Records supplied
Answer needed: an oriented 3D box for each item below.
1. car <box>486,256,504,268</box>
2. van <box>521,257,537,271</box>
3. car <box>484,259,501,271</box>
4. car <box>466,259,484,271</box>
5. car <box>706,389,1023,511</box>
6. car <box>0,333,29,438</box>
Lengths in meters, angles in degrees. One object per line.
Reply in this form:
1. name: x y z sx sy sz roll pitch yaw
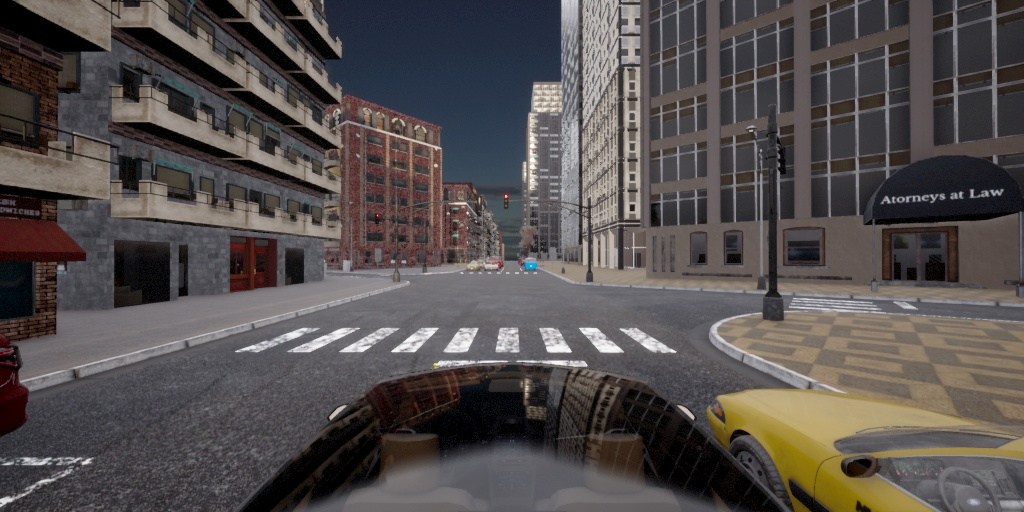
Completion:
1. car: -2.848 1.038 59.686 2.150 2.045 5.566 0 0 0
2. van: 2.552 1.136 50.067 1.690 1.789 3.998 0 0 0
3. car: -2.862 1.397 50.179 1.895 1.301 4.718 0 0 -2
4. car: -5.329 1.321 49.895 1.751 1.417 4.829 0 0 0
5. car: 2.566 1.275 1.244 1.751 1.417 4.829 0 0 0
6. car: -5.314 1.065 1.065 2.192 1.841 5.009 0 0 0
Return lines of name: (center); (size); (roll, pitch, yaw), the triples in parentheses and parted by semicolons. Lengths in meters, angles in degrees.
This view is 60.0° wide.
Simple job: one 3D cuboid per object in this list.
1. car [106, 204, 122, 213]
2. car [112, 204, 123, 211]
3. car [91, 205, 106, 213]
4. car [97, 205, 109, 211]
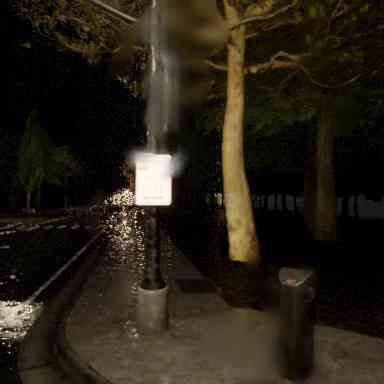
car: (-14.812, 3.182, 63.739); (1.837, 1.490, 4.892); (0, -2, -10)
car: (-16.554, 3.424, 74.021); (2.128, 1.511, 4.902); (0, -2, -10)
car: (-18.216, 3.298, 64.377); (1.895, 1.301, 4.718); (0, -2, -10)
car: (-19.904, 3.577, 74.336); (2.033, 1.411, 5.357); (0, -2, -10)
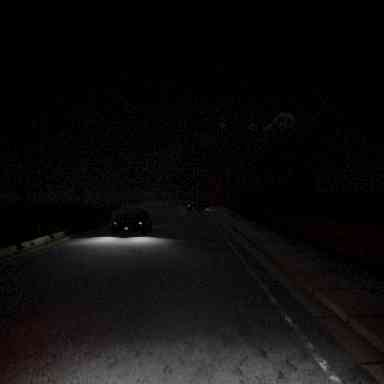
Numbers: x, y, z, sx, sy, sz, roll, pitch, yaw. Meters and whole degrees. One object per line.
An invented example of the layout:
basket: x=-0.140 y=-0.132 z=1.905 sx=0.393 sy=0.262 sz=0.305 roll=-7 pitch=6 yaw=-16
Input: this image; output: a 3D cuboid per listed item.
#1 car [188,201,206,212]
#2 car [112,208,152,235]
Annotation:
car: x=0.669 y=1.925 z=46.086 sx=1.812 sy=1.442 sz=4.674 roll=-1 pitch=0 yaw=14
car: x=-3.515 y=1.709 z=20.173 sx=1.812 sy=1.442 sz=4.674 roll=0 pitch=-1 yaw=0
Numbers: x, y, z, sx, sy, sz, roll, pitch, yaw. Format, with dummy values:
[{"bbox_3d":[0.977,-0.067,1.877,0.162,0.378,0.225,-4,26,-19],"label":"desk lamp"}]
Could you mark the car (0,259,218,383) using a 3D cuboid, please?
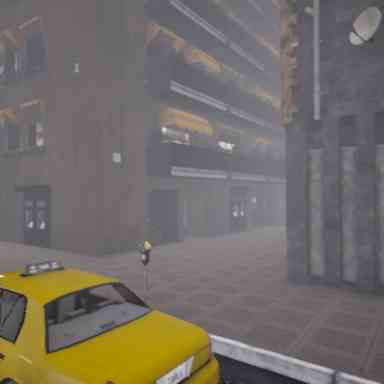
[{"bbox_3d":[-2.017,1.537,4.176,4.829,1.417,1.752,0,0,36],"label":"car"}]
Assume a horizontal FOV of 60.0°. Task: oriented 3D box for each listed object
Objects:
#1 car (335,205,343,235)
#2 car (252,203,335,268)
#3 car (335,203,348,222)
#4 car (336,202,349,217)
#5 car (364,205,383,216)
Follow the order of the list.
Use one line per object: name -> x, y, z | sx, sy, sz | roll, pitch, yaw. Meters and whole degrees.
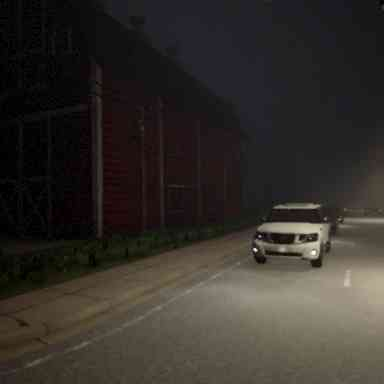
car -> 8.513, 1.869, 21.716 | 1.882, 1.535, 5.008 | -2, -2, 26
car -> 4.030, 1.477, 12.809 | 2.150, 2.045, 5.566 | -2, -2, 27
car -> 12.793, 2.026, 30.230 | 1.837, 1.490, 4.892 | -2, -2, 27
car -> 17.353, 2.011, 39.239 | 2.097, 1.767, 4.553 | -2, -2, 27
car -> 22.201, 2.215, 40.743 | 1.895, 1.301, 4.718 | -2, -2, 27
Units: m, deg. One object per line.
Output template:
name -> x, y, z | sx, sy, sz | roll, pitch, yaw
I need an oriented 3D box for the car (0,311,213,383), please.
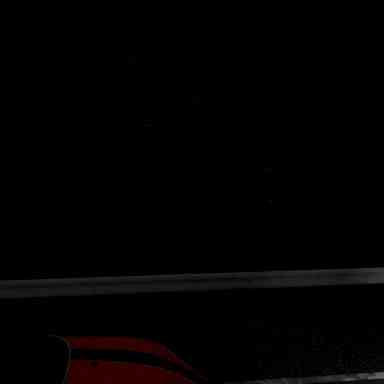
car -> -1.866, 1.352, 1.649 | 4.553, 1.767, 2.097 | 0, 0, -6
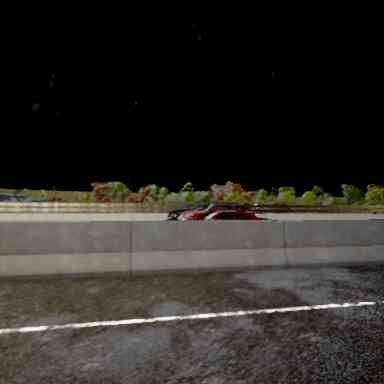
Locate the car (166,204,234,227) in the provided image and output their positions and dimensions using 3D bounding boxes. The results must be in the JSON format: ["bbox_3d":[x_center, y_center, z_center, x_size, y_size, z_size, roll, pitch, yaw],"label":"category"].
[{"bbox_3d":[0.463,1.558,22.426,4.181,1.385,1.994,1,0,-14],"label":"car"}]

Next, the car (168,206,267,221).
[{"bbox_3d":[1.327,1.538,15.426,4.674,1.442,1.812,1,0,-14],"label":"car"}]

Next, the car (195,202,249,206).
[{"bbox_3d":[1.466,1.365,19.069,4.553,1.767,2.097,1,0,-14],"label":"car"}]
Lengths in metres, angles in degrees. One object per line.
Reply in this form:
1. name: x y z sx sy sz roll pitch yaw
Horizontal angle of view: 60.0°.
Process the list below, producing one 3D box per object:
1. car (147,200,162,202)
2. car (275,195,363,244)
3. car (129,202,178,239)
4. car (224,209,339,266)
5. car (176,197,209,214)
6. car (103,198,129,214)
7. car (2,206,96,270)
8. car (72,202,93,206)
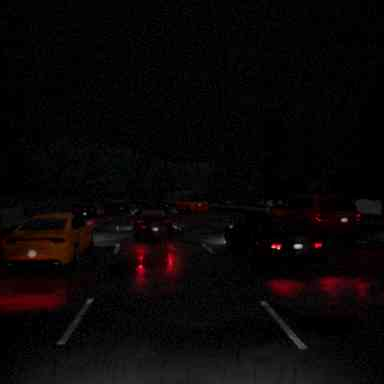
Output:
1. car: -3.825 1.469 33.574 1.994 1.385 4.181 0 0 -23
2. car: 5.386 1.163 15.486 2.150 2.045 5.566 0 0 -11
3. car: -2.124 1.477 17.215 1.812 1.442 4.674 0 0 -12
4. car: 2.525 1.507 11.435 2.033 1.411 5.357 0 0 -8
5. car: -0.048 1.249 33.548 2.097 1.767 4.553 0 0 -22
6. car: -7.705 1.390 33.706 1.882 1.535 5.008 0 0 -24
7. car: -4.538 1.452 11.135 1.882 1.535 5.008 0 0 -8
8. car: -9.871 1.529 30.058 1.895 1.301 4.718 0 0 -22
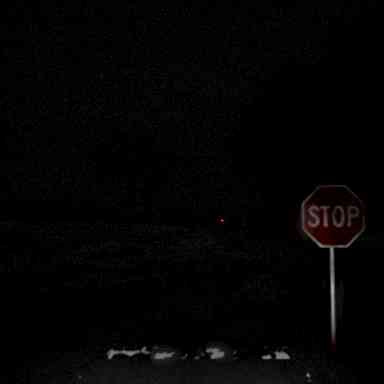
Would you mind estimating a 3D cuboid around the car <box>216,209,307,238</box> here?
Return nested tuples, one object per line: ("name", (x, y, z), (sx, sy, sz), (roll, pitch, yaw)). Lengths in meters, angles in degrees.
("car", (4.035, 1.641, 17.969), (5.357, 1.411, 2.033), (2, -3, 0))
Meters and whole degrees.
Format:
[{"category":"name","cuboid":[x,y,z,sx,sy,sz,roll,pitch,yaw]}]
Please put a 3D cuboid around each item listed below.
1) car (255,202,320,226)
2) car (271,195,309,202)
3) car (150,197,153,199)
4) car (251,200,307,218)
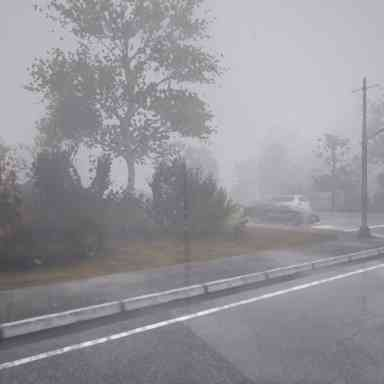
[{"category":"car","cuboid":[7.021,1.643,24.127,1.994,1.385,4.181,0,-1,-39]},{"category":"car","cuboid":[9.035,1.372,33.176,2.150,2.045,5.566,0,-1,-41]},{"category":"car","cuboid":[-6.088,1.848,53.064,5.566,2.045,2.150,-2,-1,40]},{"category":"car","cuboid":[7.049,1.679,29.701,2.033,1.411,5.357,0,-1,-40]}]
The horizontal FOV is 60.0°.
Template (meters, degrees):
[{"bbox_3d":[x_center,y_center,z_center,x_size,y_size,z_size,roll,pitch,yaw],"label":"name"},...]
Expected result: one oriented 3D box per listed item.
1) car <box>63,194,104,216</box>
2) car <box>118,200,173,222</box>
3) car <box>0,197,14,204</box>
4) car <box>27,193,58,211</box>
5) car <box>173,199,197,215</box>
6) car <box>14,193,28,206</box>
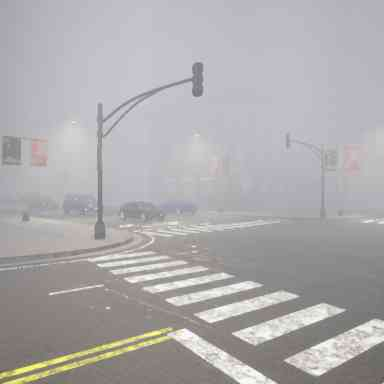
[{"bbox_3d":[-11.021,1.207,33.446,2.150,2.045,5.566,0,0,-45],"label":"car"},{"bbox_3d":[-4.013,1.495,26.412,1.837,1.490,4.892,0,0,-44],"label":"car"},{"bbox_3d":[-33.616,1.532,61.001,1.994,1.385,4.181,0,0,-45],"label":"car"},{"bbox_3d":[-18.109,1.333,40.569,2.097,1.767,4.553,0,0,-45],"label":"car"},{"bbox_3d":[-1.665,1.475,33.445,1.882,1.535,5.008,0,0,-44],"label":"car"},{"bbox_3d":[-26.039,1.198,53.402,5.566,2.045,2.150,0,0,45],"label":"car"}]
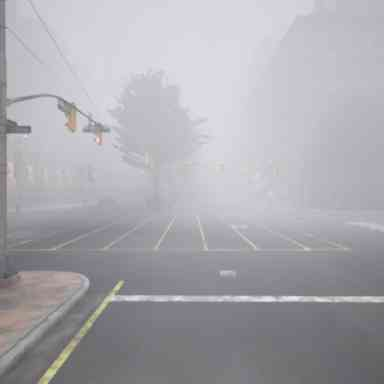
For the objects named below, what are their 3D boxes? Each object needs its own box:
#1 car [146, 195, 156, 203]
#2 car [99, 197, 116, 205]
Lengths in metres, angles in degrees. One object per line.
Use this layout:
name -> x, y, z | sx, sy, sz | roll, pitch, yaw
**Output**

Brief
Transcribe only the lines above that start at the line containing "Process the list" and end at the line containing "5) car <box>173,199,197,215</box>". Omit pictures.

Expected output
Process the list below, producing one 3D box per object:
1. car (147,200,162,202)
2. car (275,195,363,244)
3. car (129,202,178,239)
4. car (224,209,339,266)
5. car (176,197,209,214)
6. car (103,198,129,214)
7. car (2,206,96,270)
8. car (72,202,93,206)
Output:
1. car: -3.825 1.469 33.574 1.994 1.385 4.181 0 0 -23
2. car: 5.386 1.163 15.486 2.150 2.045 5.566 0 0 -11
3. car: -2.124 1.477 17.215 1.812 1.442 4.674 0 0 -12
4. car: 2.525 1.507 11.435 2.033 1.411 5.357 0 0 -8
5. car: -0.048 1.249 33.548 2.097 1.767 4.553 0 0 -22
6. car: -7.705 1.390 33.706 1.882 1.535 5.008 0 0 -24
7. car: -4.538 1.452 11.135 1.882 1.535 5.008 0 0 -8
8. car: -9.871 1.529 30.058 1.895 1.301 4.718 0 0 -22
Would you mind estimating a 3D cuboid around the car <box>216,209,307,238</box> here?
Return nested tuples, one object per line: ("name", (x, y, z), (sx, sy, sz), (roll, pitch, yaw)). Lengths in meters, angles in degrees.
("car", (4.035, 1.641, 17.969), (5.357, 1.411, 2.033), (2, -3, 0))
Meters and whole degrees.
Format:
[{"category":"name","cuboid":[x,y,z,sx,sy,sz,roll,pitch,yaw]}]
Please put a 3D cuboid around each item listed below.
1) car (255,202,320,226)
2) car (271,195,309,202)
3) car (150,197,153,199)
4) car (251,200,307,218)
[{"category":"car","cuboid":[7.021,1.643,24.127,1.994,1.385,4.181,0,-1,-39]},{"category":"car","cuboid":[9.035,1.372,33.176,2.150,2.045,5.566,0,-1,-41]},{"category":"car","cuboid":[-6.088,1.848,53.064,5.566,2.045,2.150,-2,-1,40]},{"category":"car","cuboid":[7.049,1.679,29.701,2.033,1.411,5.357,0,-1,-40]}]
The horizontal FOV is 60.0°.
Template (meters, degrees):
[{"bbox_3d":[x_center,y_center,z_center,x_size,y_size,z_size,roll,pitch,yaw],"label":"name"},...]
Expected result: one oriented 3D box per listed item.
1) car <box>63,194,104,216</box>
2) car <box>118,200,173,222</box>
3) car <box>0,197,14,204</box>
4) car <box>27,193,58,211</box>
5) car <box>173,199,197,215</box>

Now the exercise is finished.